第二节晚自习的上课铃响起,班里的声响渐止,只是没了老师的监督,讲小话的声音始终未绝。
乔殊羽没什么心思写作业,扭头看向黑漆漆一片的窗外。空中没有一粒星,从这个角度甚至都看不到月亮,唯有屋内的光亮映在玻璃上,她的脸看起来无比丧气。
又是没能在自习课上完成作业的一天,还得回家麻烦李亦梅继续借她手机搜题。
李亦梅总以为她搜题是对学习好,觉得她好学,觉得她在自己课外拓展,觉得可能网上讲得更清楚。

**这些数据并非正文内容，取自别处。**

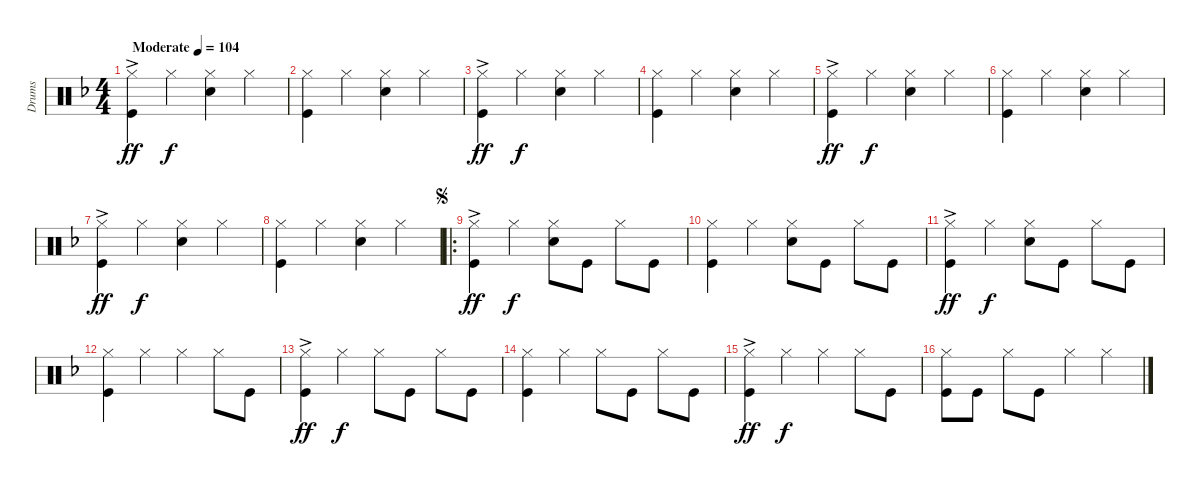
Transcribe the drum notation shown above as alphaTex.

而李亦梅不知道的是,乔殊羽几乎没心思看解析,只是机械地将答案从屏幕誊到纸上。
每每李亦梅将手机递给她,满眼欣慰时,乔殊羽都不敢看她的眼。
背上比其他人都要鼓囊的书包,乔殊羽快步走出了教室,这次她没有拖延到最后,她——
她承认,她有点想看到林家望。
可能是为了那句没出口的“谢谢”,也可能是——
她的思绪被猝然打断,她确实看到林家望了。
“那个呢,那个在哪儿?”带头的男生推了林家望一把,“不会已经垫上了吧?”
“在这里?来来来给我们开开眼。”另一个男生干脆伸手探向他下面。
林家望被迫弓着腰频频后退,躲避他伸来的手。
在这稍显拥挤的走廊上,有人匆匆路过,有人驻足停留,脸上要么是嫌恶,要么满是看热闹的笑。

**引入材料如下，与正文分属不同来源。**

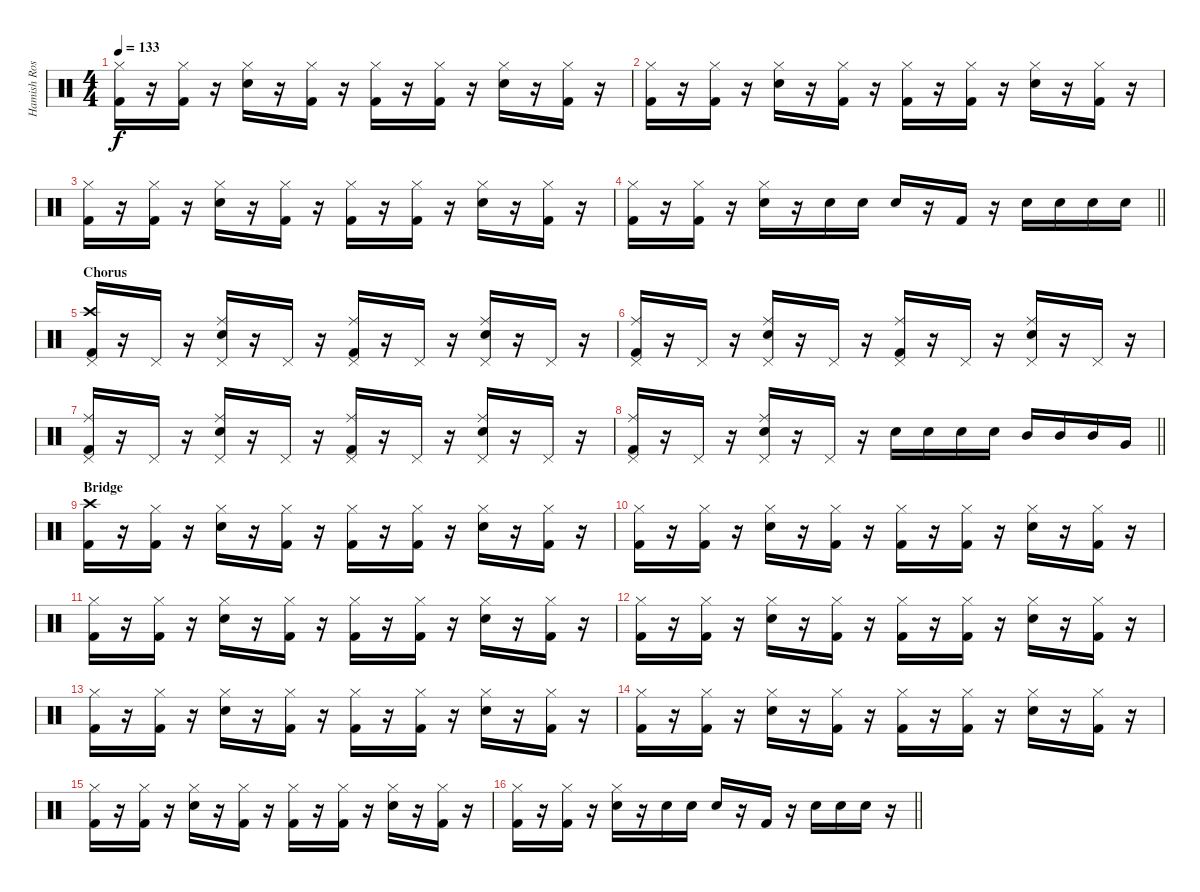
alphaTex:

\track ("Hamish Rosser (Main-Tune Drums Track)" "Hamish Ros") {instrument percussion}
\staff {score}
\articulation defaults
\ts (4 4)
\tempo 133
\clef neutral
\ks c
("Hi-Hat (closed)" "Kick (hit) 2").16{dy f} r.16 ("Hi-Hat (closed)" "Kick (hit) 2").16 r.16 ("Hi-Hat (closed)" "Snare (hit) 2").16 r.16 ("Hi-Hat (closed)" "Kick (hit) 2").16 r.16 ("Hi-Hat (closed)" "Kick (hit) 2").16 r.16 ("Hi-Hat (closed)" "Kick (hit) 2").16 r.16 ("Hi-Hat (closed)" "Snare (hit) 2").16 r.16 ("Hi-Hat (closed)" "Kick (hit) 2").16 r.16 |
("Hi-Hat (closed)" "Kick (hit) 2").16 r.16 ("Hi-Hat (closed)" "Kick (hit) 2").16 r.16 ("Hi-Hat (closed)" "Snare (hit) 2").16 r.16 ("Hi-Hat (closed)" "Kick (hit) 2").16 r.16 ("Hi-Hat (closed)" "Kick (hit) 2").16 r.16 ("Hi-Hat (closed)" "Kick (hit) 2").16 r.16 ("Hi-Hat (closed)" "Snare (hit) 2").16 r.16 ("Hi-Hat (closed)" "Kick (hit) 2").16 r.16 |
("Hi-Hat (closed)" "Kick (hit) 2").16 r.16 ("Hi-Hat (closed)" "Kick (hit) 2").16 r.16 ("Hi-Hat (closed)" "Snare (hit) 2").16 r.16 ("Hi-Hat (closed)" "Kick (hit) 2").16 r.16 ("Hi-Hat (closed)" "Kick (hit) 2").16 r.16 ("Hi-Hat (closed)" "Kick (hit) 2").16 r.16 ("Hi-Hat (closed)" "Snare (hit) 2").16 r.16 ("Hi-Hat (closed)" "Kick (hit) 2").16 r.16 |
\barLineRight lightlight
("Hi-Hat (closed)" "Kick (hit) 2").16 r.16 ("Hi-Hat (closed)" "Kick (hit) 2").16 r.16 ("Hi-Hat (closed)" "Snare (hit) 2").16 r.16 "Snare (hit) 2".16 "Snare (hit) 2".16 "Snare (hit) 2".16 r.16 "Kick (hit) 2".16 r.16 "Snare (hit) 2".16 "Snare (hit) 2".16 "Snare (hit) 2".16 "Snare (hit) 2".16 |
\section ("" "Chorus")
("Crash high (hit)" "Pedal Hi-Hat (hit)" "Kick (hit) 2").16 r.16 "Pedal Hi-Hat (hit)".16 r.16 ("Ride (middle)" "Pedal Hi-Hat (hit)" "Snare (hit) 2").16 r.16 "Pedal Hi-Hat (hit)".16 r.16 ("Ride (middle)" "Pedal Hi-Hat (hit)" "Kick (hit) 2").16 r.16 "Pedal Hi-Hat (hit)".16 r.16 ("Ride (middle)" "Pedal Hi-Hat (hit)" "Snare (hit) 2").16 r.16 "Pedal Hi-Hat (hit)".16 r.16 |
("Ride (middle)" "Pedal Hi-Hat (hit)" "Kick (hit) 2").16 r.16 "Pedal Hi-Hat (hit)".16 r.16 ("Ride (middle)" "Pedal Hi-Hat (hit)" "Snare (hit) 2").16 r.16 "Pedal Hi-Hat (hit)".16 r.16 ("Ride (middle)" "Pedal Hi-Hat (hit)" "Kick (hit) 2").16 r.16 "Pedal Hi-Hat (hit)".16 r.16 ("Ride (middle)" "Pedal Hi-Hat (hit)" "Snare (hit) 2").16 r.16 "Pedal Hi-Hat (hit)".16 r.16 |
("Ride (middle)" "Pedal Hi-Hat (hit)" "Kick (hit) 2").16 r.16 "Pedal Hi-Hat (hit)".16 r.16 ("Ride (middle)" "Pedal Hi-Hat (hit)" "Snare (hit) 2").16 r.16 "Pedal Hi-Hat (hit)".16 r.16 ("Ride (middle)" "Pedal Hi-Hat (hit)" "Kick (hit) 2").16 r.16 "Pedal Hi-Hat (hit)".16 r.16 ("Ride (middle)" "Pedal Hi-Hat (hit)" "Snare (hit) 2").16 r.16 "Pedal Hi-Hat (hit)".16 r.16 |
\barLineRight lightlight
("Ride (middle)" "Pedal Hi-Hat (hit)" "Kick (hit) 2").16 r.16 "Pedal Hi-Hat (hit)".16 r.16 ("Ride (middle)" "Pedal Hi-Hat (hit)" "Snare (hit) 2").16 r.16 "Pedal Hi-Hat (hit)".16 r.16 "Snare (hit) 2".16 "Snare (hit) 2".16 "Snare (hit) 2".16 "Snare (hit) 2".16 "Mid Tom (hit)".16 "Mid Tom (hit)".16 "Mid Tom (hit)".16 "Very Low Tom (hit)".16 |
\section ("" "Bridge")
("Crash high (hit)" "Kick (hit) 2").16 r.16 ("Hi-Hat (closed)" "Kick (hit) 2").16 r.16 ("Hi-Hat (closed)" "Snare (hit) 2").16 r.16 ("Hi-Hat (closed)" "Kick (hit) 2").16 r.16 ("Hi-Hat (closed)" "Kick (hit) 2").16 r.16 ("Hi-Hat (closed)" "Kick (hit) 2").16 r.16 ("Hi-Hat (closed)" "Snare (hit) 2").16 r.16 ("Hi-Hat (closed)" "Kick (hit) 2").16 r.16 |
("Hi-Hat (closed)" "Kick (hit) 2").16 r.16 ("Hi-Hat (closed)" "Kick (hit) 2").16 r.16 ("Hi-Hat (closed)" "Snare (hit) 2").16 r.16 ("Hi-Hat (closed)" "Kick (hit) 2").16 r.16 ("Hi-Hat (closed)" "Kick (hit) 2").16 r.16 ("Hi-Hat (closed)" "Kick (hit) 2").16 r.16 ("Hi-Hat (closed)" "Snare (hit) 2").16 r.16 ("Hi-Hat (closed)" "Kick (hit) 2").16 r.16 |
("Hi-Hat (closed)" "Kick (hit) 2").16 r.16 ("Hi-Hat (closed)" "Kick (hit) 2").16 r.16 ("Hi-Hat (closed)" "Snare (hit) 2").16 r.16 ("Hi-Hat (closed)" "Kick (hit) 2").16 r.16 ("Hi-Hat (closed)" "Kick (hit) 2").16 r.16 ("Hi-Hat (closed)" "Kick (hit) 2").16 r.16 ("Hi-Hat (closed)" "Snare (hit) 2").16 r.16 ("Hi-Hat (closed)" "Kick (hit) 2").16 r.16 |
("Hi-Hat (closed)" "Kick (hit) 2").16 r.16 ("Hi-Hat (closed)" "Kick (hit) 2").16 r.16 ("Hi-Hat (closed)" "Snare (hit) 2").16 r.16 ("Hi-Hat (closed)" "Kick (hit) 2").16 r.16 ("Hi-Hat (closed)" "Kick (hit) 2").16 r.16 ("Hi-Hat (closed)" "Kick (hit) 2").16 r.16 ("Hi-Hat (closed)" "Snare (hit) 2").16 r.16 ("Hi-Hat (closed)" "Kick (hit) 2").16 r.16 |
("Hi-Hat (closed)" "Kick (hit) 2").16 r.16 ("Hi-Hat (closed)" "Kick (hit) 2").16 r.16 ("Hi-Hat (closed)" "Snare (hit) 2").16 r.16 ("Hi-Hat (closed)" "Kick (hit) 2").16 r.16 ("Hi-Hat (closed)" "Kick (hit) 2").16 r.16 ("Hi-Hat (closed)" "Kick (hit) 2").16 r.16 ("Hi-Hat (closed)" "Snare (hit) 2").16 r.16 ("Hi-Hat (closed)" "Kick (hit) 2").16 r.16 |
("Hi-Hat (closed)" "Kick (hit) 2").16 r.16 ("Hi-Hat (closed)" "Kick (hit) 2").16 r.16 ("Hi-Hat (closed)" "Snare (hit) 2").16 r.16 ("Hi-Hat (closed)" "Kick (hit) 2").16 r.16 ("Hi-Hat (closed)" "Kick (hit) 2").16 r.16 ("Hi-Hat (closed)" "Kick (hit) 2").16 r.16 ("Hi-Hat (closed)" "Snare (hit) 2").16 r.16 ("Hi-Hat (closed)" "Kick (hit) 2").16 r.16 |
("Hi-Hat (closed)" "Kick (hit) 2").16 r.16 ("Hi-Hat (closed)" "Kick (hit) 2").16 r.16 ("Hi-Hat (closed)" "Snare (hit) 2").16 r.16 ("Hi-Hat (closed)" "Kick (hit) 2").16 r.16 ("Hi-Hat (closed)" "Kick (hit) 2").16 r.16 ("Hi-Hat (closed)" "Kick (hit) 2").16 r.16 ("Hi-Hat (closed)" "Snare (hit) 2").16 r.16 ("Hi-Hat (closed)" "Kick (hit) 2").16 r.16 |
\barLineRight lightlight
("Hi-Hat (closed)" "Kick (hit) 2").16 r.16 ("Hi-Hat (closed)" "Kick (hit) 2").16 r.16 ("Hi-Hat (closed)" "Snare (hit) 2").16 r.16 "Snare (hit) 2".16 "Snare (hit) 2".16 "Snare (hit) 2".16 r.16 "Kick (hit) 2".16 r.16 "Snare (hit) 2".16 "Snare (hit) 2".16 "Snare (hit) 2".16 r.16

“躲什么呀,死娘炮,真跑去当女的啦?”有个男生揪住他的领子,强行将他拽了回来。
林家望无措地垂下双手,捂着自己的裆/部,头深深低着,棘突几欲刺破脆弱的皮肤。
“这怂样,真像个娘儿们。”男生调笑着拍拍他的脸颊,“裤子脱了给咱们展示展示嘛。”
“对啊,快脱。”又有人干脆伸手试图去扒他的裤腰。
“不会是真的吧?”
“刘刚也说看到他买了。”
“噫,好恶心哦……”
……
驻足的群众开始交头接耳,有男有女,异常团结。
就在那人当真扒下了一小截裤腰,露出了少许内/裤边时,有什么东西猝然拍到了他的胸口。
待他看清那是什么时,惊得往后退开了好几步。
“想要?”乔殊羽又取出一片卫生巾,拍在了另一个男生的胸口,“送你?”
“操。”男生困窘到整张脸皱起,躲瘟疫般不断后退。
两片卫生巾轻飘飘落了地,没人敢靠近半步,神情复杂地看着它,连窃窃私语声都骤然停止。
原本拥挤的走廊,就这么被开辟出一小块空地,乔殊羽弯腰捡起一片,上前揪起一个男生的领口,强行将它塞了进去。
“操!神经病啊,干嘛啊!”男生瞬间跳起难看的霹雳舞,又蹦又抖,直到卫生巾从衣服里掉出,还分外嫌弃地拍拍衣服。
“不是好奇吗,不是想看吗?”乔殊羽将目光移向另一位,微笑着用食指勾住他的腰袢,“要我教你怎么用吗,帮你垫上?”
说着,她象征性地向下拉了拉。对方吓得赶忙弯下腰,神色慌张地努力提着裤腰。
望着二人的狼狈模样,乔殊羽嗤笑一声,收回手,嫌弃地甩了两下。
“妈的,快走。”刚刚获得的自由的那位,果断拽过另一位,踉跄着往楼梯口冲去,“她就是个疯子。”
一片卫生巾就能让两个男生吓得屁滚尿流,想来在必要时刻,往头上贴一片这个还能避避邪。
面对周围人异样的眼光,乔殊羽神色泰然地捡起地上那两片,丢回了塑料袋里。
没料到卫生巾的威力依然未减,纵使地上已经干净了,也没人敢涉足那一小块区域,多吃力都要绕开。
望着他们惊惶的眼,有那么一瞬间,乔殊羽很想把刚刚的行为,在每个人身上都故技重施一遍。
不过最终,她还是按住了自己恶劣的小心思。
她还有更重要的事要做。
“我们走吧。”
她抓过林家望的手腕,头也不回地径直向前。